Extended thinking enabled on Haiku, causing a 400 API error Why: the thinking parameter is only valid for Opus and Sonnet models; passing thinking={"type": "enabled", ...} to a Haiku model ID returns an invalid_request_error. Detect: the API call raises a BadRequestError with a message about unsupported parameters; the model string in the request is claude-haiku-*. Fix: check the model string before enabling thinking; gate thinking on model family — only enable for claude-opus-* or claude-sonnet-*.

"Lost in the middle" degrades retrieval quality at 1M-token context, but the failure is silent Why: when the key document or fact is placed in the middle of a 1M-token context, Claude's retrieval accuracy degrades significantly compared to placing it at the beginning or end; the model still produces a confident, fluent answer using peripheral context.
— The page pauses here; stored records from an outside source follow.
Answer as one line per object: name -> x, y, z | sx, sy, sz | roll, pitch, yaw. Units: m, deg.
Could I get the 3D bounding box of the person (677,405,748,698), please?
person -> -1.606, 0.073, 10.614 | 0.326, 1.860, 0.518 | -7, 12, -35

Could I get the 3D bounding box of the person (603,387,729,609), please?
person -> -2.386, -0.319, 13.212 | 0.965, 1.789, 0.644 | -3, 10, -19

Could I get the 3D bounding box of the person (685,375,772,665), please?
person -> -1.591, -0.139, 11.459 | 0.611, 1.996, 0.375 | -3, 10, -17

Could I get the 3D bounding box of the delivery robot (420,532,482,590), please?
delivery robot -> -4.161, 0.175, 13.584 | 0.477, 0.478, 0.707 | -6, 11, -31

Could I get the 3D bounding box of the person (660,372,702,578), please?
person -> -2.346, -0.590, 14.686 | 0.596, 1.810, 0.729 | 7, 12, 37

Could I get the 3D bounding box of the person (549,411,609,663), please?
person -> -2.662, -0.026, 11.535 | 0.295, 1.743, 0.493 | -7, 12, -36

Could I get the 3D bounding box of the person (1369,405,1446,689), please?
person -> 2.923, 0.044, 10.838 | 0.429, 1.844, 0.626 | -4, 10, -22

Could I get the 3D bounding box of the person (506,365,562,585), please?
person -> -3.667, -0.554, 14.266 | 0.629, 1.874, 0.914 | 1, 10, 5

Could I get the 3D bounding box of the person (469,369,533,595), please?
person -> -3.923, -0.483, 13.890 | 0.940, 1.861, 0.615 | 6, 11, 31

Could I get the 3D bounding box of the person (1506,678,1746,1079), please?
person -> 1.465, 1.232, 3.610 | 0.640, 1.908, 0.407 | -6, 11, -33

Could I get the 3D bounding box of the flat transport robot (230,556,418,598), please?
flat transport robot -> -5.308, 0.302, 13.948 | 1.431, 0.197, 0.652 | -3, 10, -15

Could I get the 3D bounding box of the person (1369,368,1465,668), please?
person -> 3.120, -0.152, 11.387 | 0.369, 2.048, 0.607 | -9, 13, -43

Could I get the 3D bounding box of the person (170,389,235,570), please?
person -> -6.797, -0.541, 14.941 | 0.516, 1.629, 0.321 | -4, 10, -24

Detect: accuracy drops in eval runs when the target document is placed at positions 30-70% through the context; the model gives plausible but wrong answers with no expressed uncertainty. Fix: place the most important context at the start or end of the prompt; use RAG to surface the top-k chunks and inject them near the beginning rather than injecting the full corpus.
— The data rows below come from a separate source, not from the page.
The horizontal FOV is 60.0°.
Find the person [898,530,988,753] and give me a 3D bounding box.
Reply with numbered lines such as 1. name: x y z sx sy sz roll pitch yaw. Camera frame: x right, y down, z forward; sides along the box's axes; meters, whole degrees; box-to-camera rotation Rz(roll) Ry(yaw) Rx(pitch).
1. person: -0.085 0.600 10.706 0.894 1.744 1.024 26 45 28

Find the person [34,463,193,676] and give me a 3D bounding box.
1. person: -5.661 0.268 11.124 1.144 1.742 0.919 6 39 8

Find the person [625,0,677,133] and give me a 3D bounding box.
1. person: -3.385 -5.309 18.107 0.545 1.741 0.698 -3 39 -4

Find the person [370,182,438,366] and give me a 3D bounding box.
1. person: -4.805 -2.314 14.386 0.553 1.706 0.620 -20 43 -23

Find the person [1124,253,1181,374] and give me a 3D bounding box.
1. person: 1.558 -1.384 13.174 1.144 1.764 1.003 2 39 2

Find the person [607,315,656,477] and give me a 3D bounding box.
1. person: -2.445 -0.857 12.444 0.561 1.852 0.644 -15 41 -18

Explicit chain-of-thought prompt combined with extended thinking produces lower-quality output than either alone Why: the model's internal reasoning already performs chain-of-thought; adding an explicit "think step by step" instruction interferes with the extended thinking process and can cause the model to repeat reasoning redundantly or truncate the thinking block. Detect: response quality is lower than without CoT instructions; the thinking block is shorter than expected or the final answer contradicts the thinking. Fix: remove explicit CoT instructions (e.g., "think step by step", "reason through this") when extended thinking is enabled; let the thinking parameter handle reasoning internally.

Connections

Open Questions

  • How does Claude Opus 4.7 differ from 4.6 in practice — is the improvement primarily reasoning depth?
  • What is the practical quality ceiling for extended thinking on frontier coding tasks?
  • How does "lost in the middle" degradation scale as context grows from 200K to 1M tokens?